Invention Title:

ARTIFICIAL INTELLIGENCE DEVICE FOR LIGHT TRANSFORMER-BASED EMOTION RECOGNITION (LTER) AND METHOD THEREOF

Publication number:

US20250209802

Publication date:
Section:

Physics

Class:

G06V10/806

Inventors:

Assignee:

Applicant:

Smart overview of the Invention

The patent application outlines a method for emotion recognition using an artificial intelligence (AI) device. The process involves receiving a video segment with multiple frames and an accompanying audio signal. These inputs are processed through specialized encoders to generate embeddings, which are then transformed into feature vectors. The system prioritizes audio as the primary modality for emotion detection, utilizing a lightweight visual encoder for facial expression recognition. This approach aims to enhance efficiency and accuracy in emotion recognition while addressing privacy concerns.

Background

Emotion recognition is crucial for improving human-computer interaction, enabling systems to understand user intent and provide empathetic responses. Existing methods face challenges such as complexity, high computational demands, and over-reliance on textual data, which can lead to inaccuracies. Many systems require transmitting raw data to remote servers, raising privacy issues. Thus, there is a need for more efficient, accurate, and privacy-conscious emotion recognition solutions that can operate effectively on resource-constrained devices.

Technical Approach

The proposed method involves processing audio signals through an audio encoder to create an audio embedding and using a visual encoder for video segments to produce visual embeddings.
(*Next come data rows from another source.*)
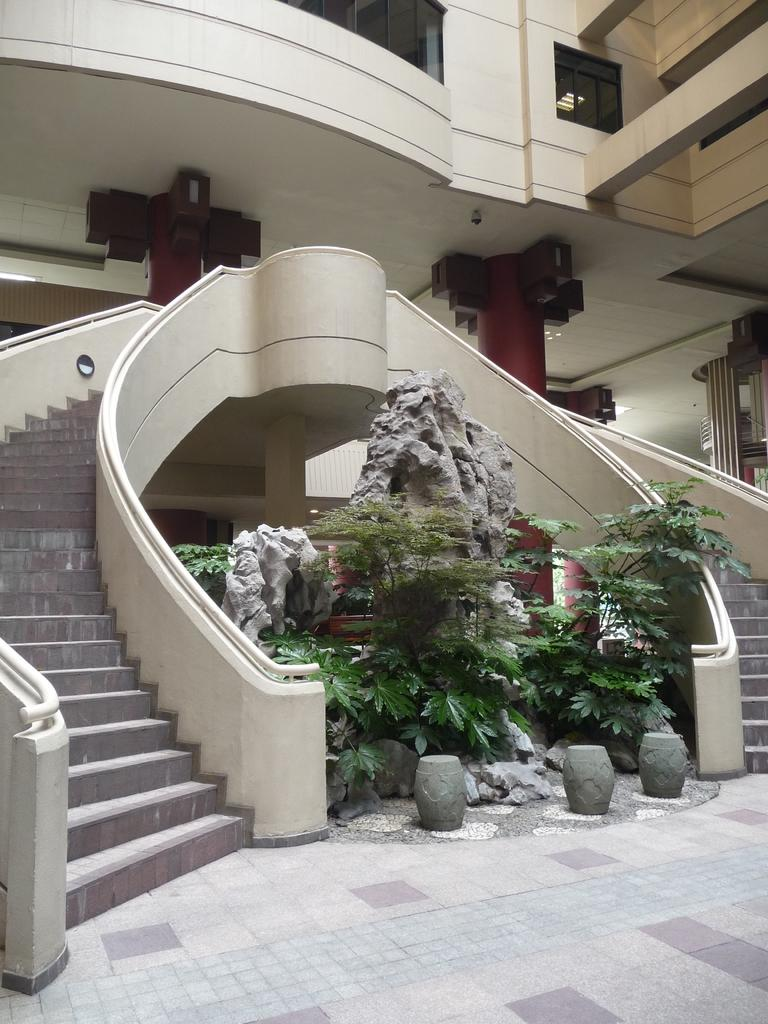What type of structure is visible in the image? There is a building in the image. What is the color of the building? The building is cream-colored. What can be seen in front of the building? There are rocks and plants in front of the building. How can someone access the building from the front? There are stairs to the side of the plants that provide access to the building. How many thumbs are visible in the image? There are no thumbs visible in the image. What type of balls are being used for destruction in the image? There are no balls or destruction present in the image. 
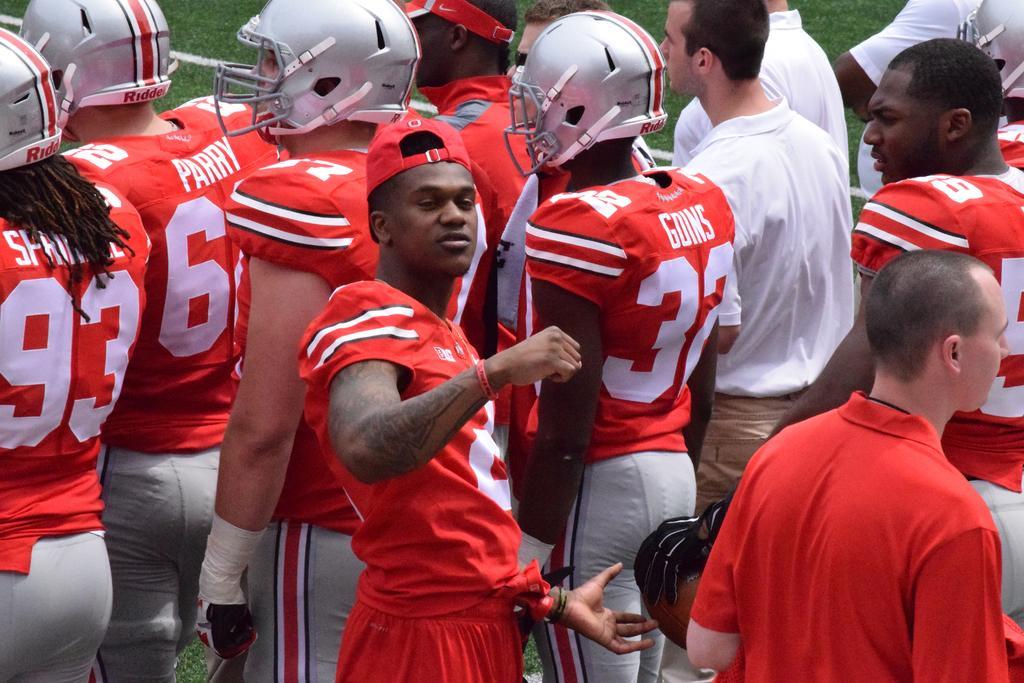Could you give a brief overview of what you see in this image? By seeing this image we can say that some group of people are there, some of them are wearing red color dress and some of the them are wearing white color T-shirt. I think they all are sports players. 
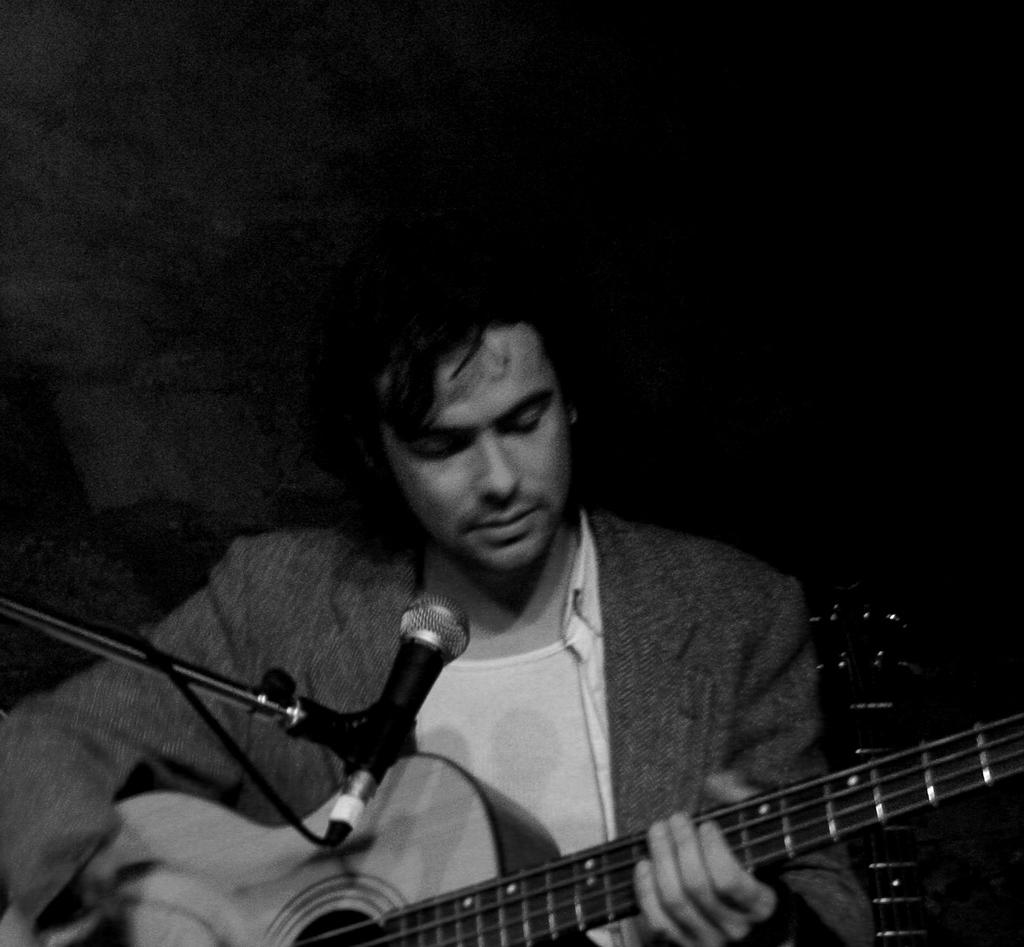Who or what is the main subject in the image? There is a person in the image. Can you describe the person's position in the image? The person is standing at the front side of the image. What is the person holding in his hand? The person is holding a guitar in his hand. What object is in front of the person? There is a microphone in front of the person. What type of egg is visible on the person's head in the image? There is no egg visible on the person's head in the image. What color are the person's lips in the image? The provided facts do not mention the person's lips, so we cannot determine their color from the image. 
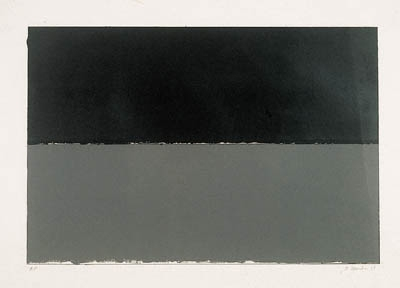Can you describe the main features of this image for me? The image presents an exemplar of minimalist art, showcasing two distinct rectangles stacked vertically. The top rectangle is saturated in deep black, while the bottom one has a muted gray hue. A thin, crisp white line subtly separates these sections, enhancing the visual contrast and drawing attention to the simplicity and precision of the composition. This piece epitomizes minimalism not only through its use of basic geometric forms and limited color palette but also through its invitation to find depth and narrative in austerity. The starkness could be seen as a reflection on solitude, boundaries, or introspection, encouraging a deeper viewer engagement beyond aesthetic appreciation. 
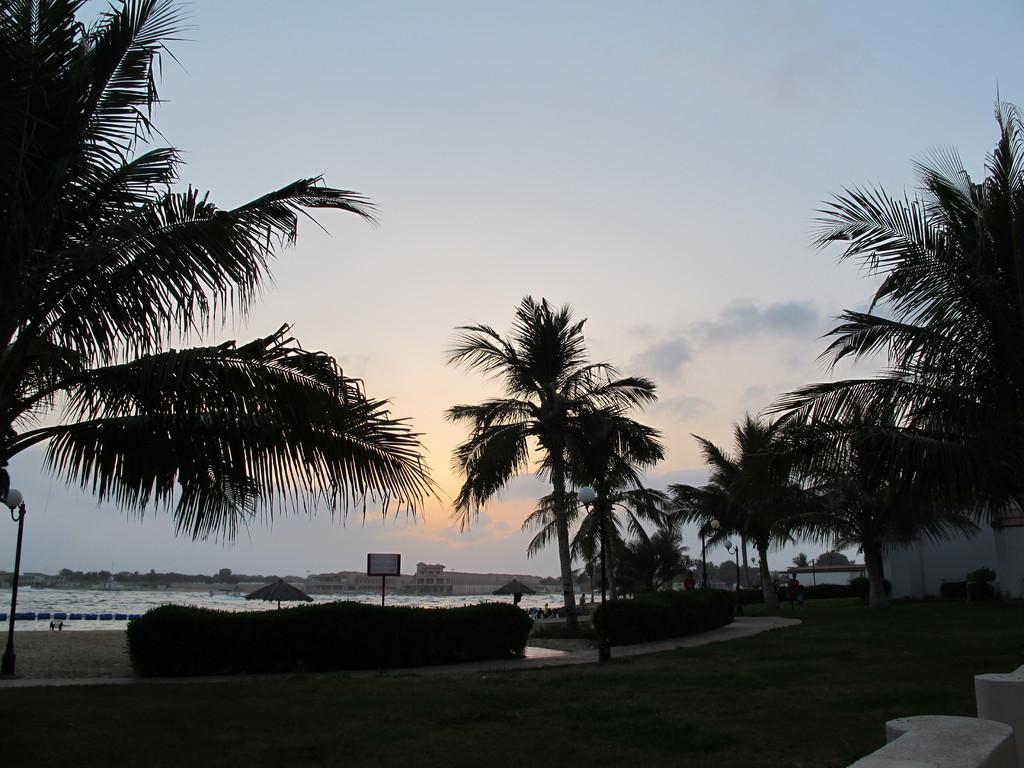How would you summarize this image in a sentence or two? Here in this picture we can see the ground is covered with grass and we can also see bushes, plants and trees and in the far we can see an umbrella present and we can also see water covered over the place and we can also see a board present in the middle and on the left side we can see a lamp post present and we can see clouds in the sky.

These embeddings are transformed into feature vectors via transformers. The system utilizes cross-attention mechanisms between audio and visual data to enhance emotion detection capabilities. A fusion module combines these vectors, and a classifier module predicts emotions based on the fused output. This method supports real-time applications by optimizing processing efficiency.

Innovative Aspects

A significant innovation in this method is the prioritization of audio as the main modality for emotion recognition, supported by a specifically trained visual encoder for facial expressions. The visual encoder undergoes pre-training on face recognition followed by fine-tuning on emotion classification. The system's architecture includes multiple transformer blocks with components like multi-head attention and normalization blocks to optimize feature extraction and processing.

Applications and Benefits

The AI device designed under this patent can be deployed across various platforms due to its lightweight nature and efficient processing capabilities. It addresses privacy concerns by minimizing the need for transmitting raw data externally. By generating accurate emotion predictions from combined audio and visual features, the system promises enhanced human-computer interactions across different applications, including personal devices, customer service interfaces, and interactive educational tools.